Unnamed: 0,stock,year,buyers,total_cash
0,10002,2009,17,180.2
1,10002,2010,259,5065.37
2,10002,2011,33,509.15


In [122]:
fig = px.scatter(stock_data, 
                 x="buyers", 
                 y="total_cash", 
                 color="year",  
                 facet_col="year",
                 title="Classify the total money on each product annually.")
fig.show()

# RFM Analysis

RFM analysis, a widely used marketing technique, relies on three crucial parameters: **Recency, Frequency, and Monetary Value**. To assess the suitability of our database for RFM analysis, we'll examine its features and characteristics.

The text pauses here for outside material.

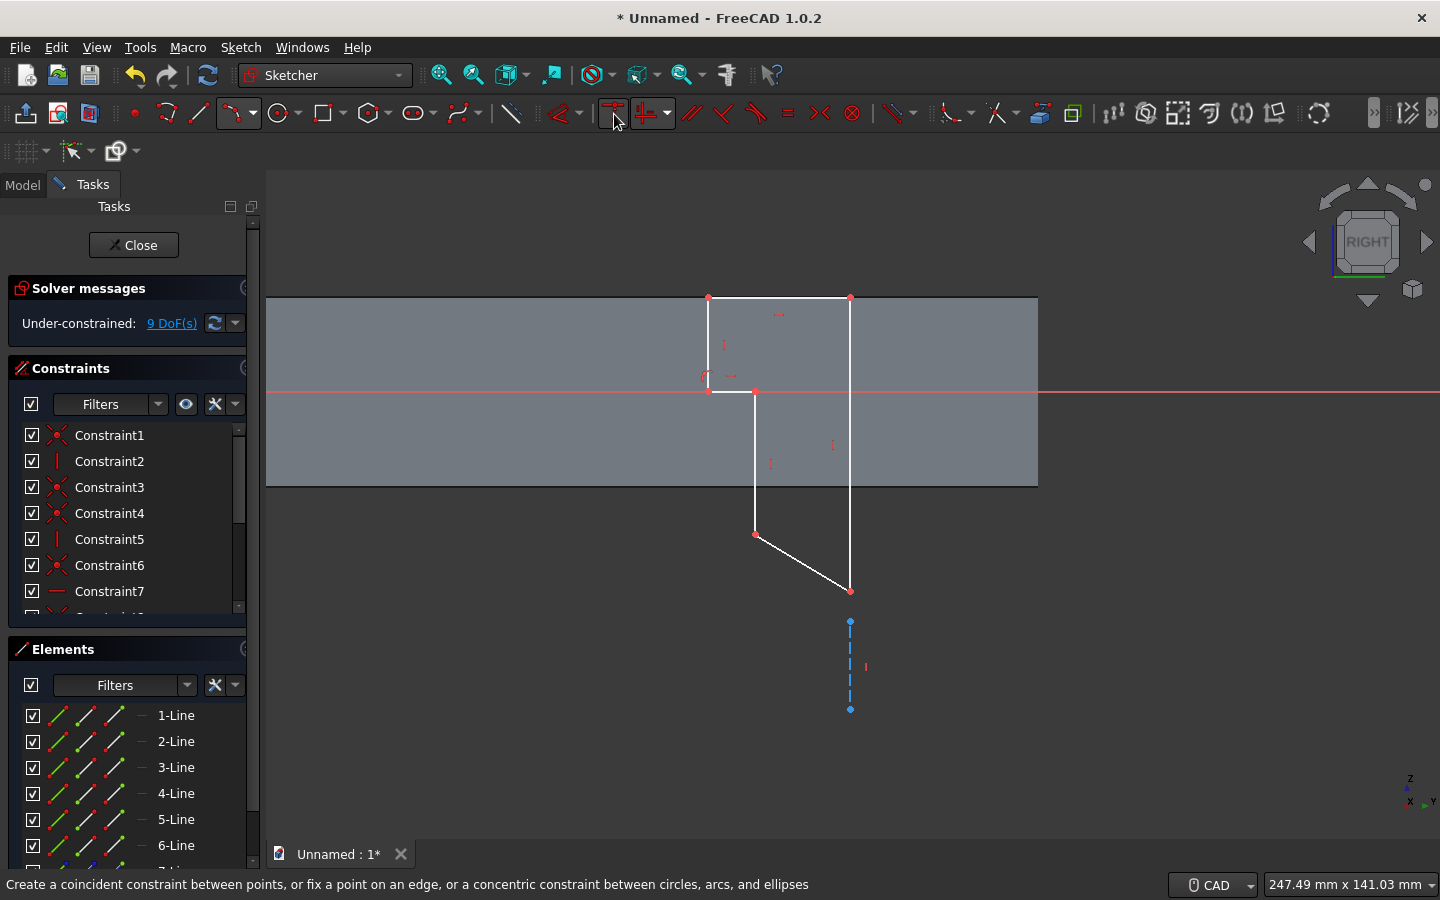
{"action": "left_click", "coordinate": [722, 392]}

RFM analysis categorizes customers based on Recency, Frequency, and Monetary Value. It helps businesses identify and prioritize customer segments, enabling targeted marketing strategies. This approach enhances customer engagement, satisfaction, and retention.


1. **Recency:**
   
   The dataset encompasses user interactions recorded during the years 2009, 2010, and 2011. Within this timeframe, numerous deals were captured, allowing us to examine the most recent interactions users had with our system.

2. **Frequency:**
   
   The dataset reveals a significant variation in interaction frequency. The highest number of deals for a user is 12,638, while the lowest is just one. This broad spectrum of interaction frequencies provides valuable insights into user engagement with the system.

3. **Monetary Value:**
   
   Calculating the total value each user contributed to the system involves multiplying the unit price by the quantity of items purchased and summing them up. This monetary analysis allows us to gauge the financial impact of each user on the system.

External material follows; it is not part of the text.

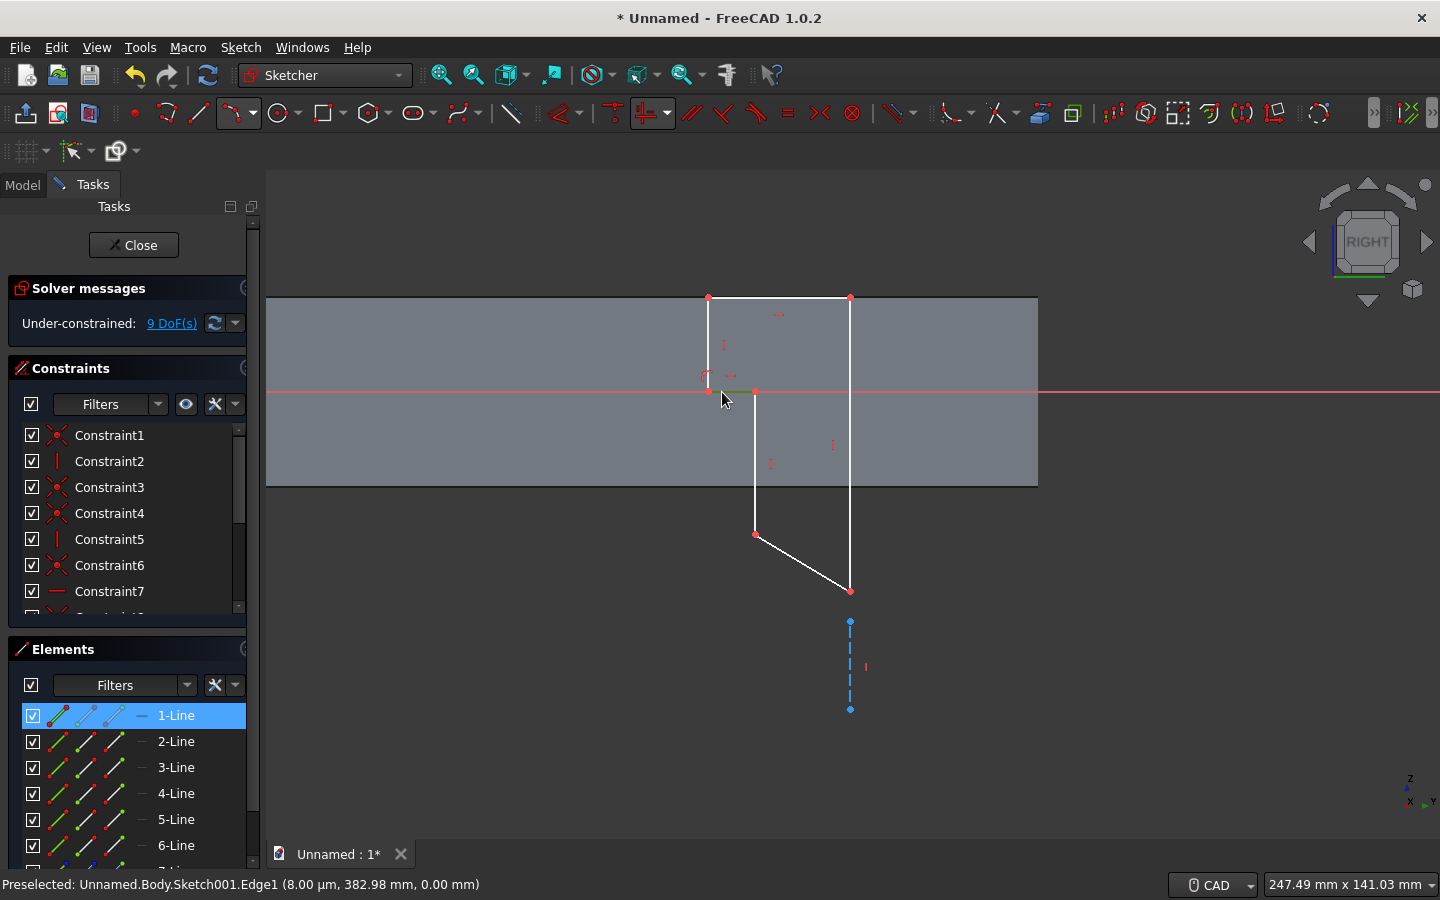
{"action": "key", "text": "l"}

In a separate notebook, we have performed RFM (Recency, Frequency, Monetary) Analysis using this dataset to gain deeper insights into user behavior and system engagement.

# conclusion

**Strengths:**
1. Abundant parameters are meticulously recorded, contributing to the normalcy and comprehensiveness of our dataset.
2. The data is well-documented, encompassing nearly all essential factors for a thorough analysis.
3. the data is very suitable to create a RFM model

**Weaknesses:**
1. Limited to the time frame of 2009-2011, indicating a need for an update to capture more recent trends and behaviors.
2. The constrained time frame hinders the implementation of time-series analysis, limiting our ability to capture and analyze temporal patterns and trends.
3. The data points for the year 2009 are notably sparse.